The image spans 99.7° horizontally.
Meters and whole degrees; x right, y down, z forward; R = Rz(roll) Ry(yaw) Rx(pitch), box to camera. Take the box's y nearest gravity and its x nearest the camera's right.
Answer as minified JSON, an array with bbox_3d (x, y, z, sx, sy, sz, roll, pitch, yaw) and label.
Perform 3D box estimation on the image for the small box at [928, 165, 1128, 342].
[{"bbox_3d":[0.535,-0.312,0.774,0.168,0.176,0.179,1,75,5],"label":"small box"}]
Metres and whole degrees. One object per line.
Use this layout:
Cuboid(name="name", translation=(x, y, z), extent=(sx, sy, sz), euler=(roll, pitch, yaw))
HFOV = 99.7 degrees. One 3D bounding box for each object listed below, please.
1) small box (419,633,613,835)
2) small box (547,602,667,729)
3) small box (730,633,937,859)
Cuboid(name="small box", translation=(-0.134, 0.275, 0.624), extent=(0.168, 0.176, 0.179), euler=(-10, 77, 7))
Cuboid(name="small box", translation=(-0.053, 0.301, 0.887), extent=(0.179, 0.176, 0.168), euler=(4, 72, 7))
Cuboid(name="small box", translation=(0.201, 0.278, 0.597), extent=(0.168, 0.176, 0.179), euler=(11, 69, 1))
----------------------------------------
■ **Exercise instructions**
Reproduce all the data exactly. Include every line.

■ **Problem solution**
The image spans 99.7° horizontally.
Meters and whole degrees; x right, y down, z forward; R = Rz(roll) Ry(yaw) Rx(pitch), box to camera. Take the box's y nearest gravity and its x nearest the camera's right.
Answer as minified JSON, an array with bbox_3d (x, y, z, sx, sy, sz, roll, pitch, yaw) and label.
Perform 3D box estimation on the image for the small box at [928, 165, 1128, 342].
[{"bbox_3d":[0.535,-0.312,0.774,0.168,0.176,0.179,1,75,5],"label":"small box"}]
Metres and whole degrees. One object per line.
Use this layout:
Cuboid(name="name", translation=(x, y, z), extent=(sx, sy, sz), euler=(roll, pitch, yaw))
HFOV = 99.7 degrees. One 3D bounding box for each object listed below, please.
1) small box (419,633,613,835)
2) small box (547,602,667,729)
3) small box (730,633,937,859)
Cuboid(name="small box", translation=(-0.134, 0.275, 0.624), extent=(0.168, 0.176, 0.179), euler=(-10, 77, 7))
Cuboid(name="small box", translation=(-0.053, 0.301, 0.887), extent=(0.179, 0.176, 0.168), euler=(4, 72, 7))
Cuboid(name="small box", translation=(0.201, 0.278, 0.597), extent=(0.168, 0.176, 0.179), euler=(11, 69, 1))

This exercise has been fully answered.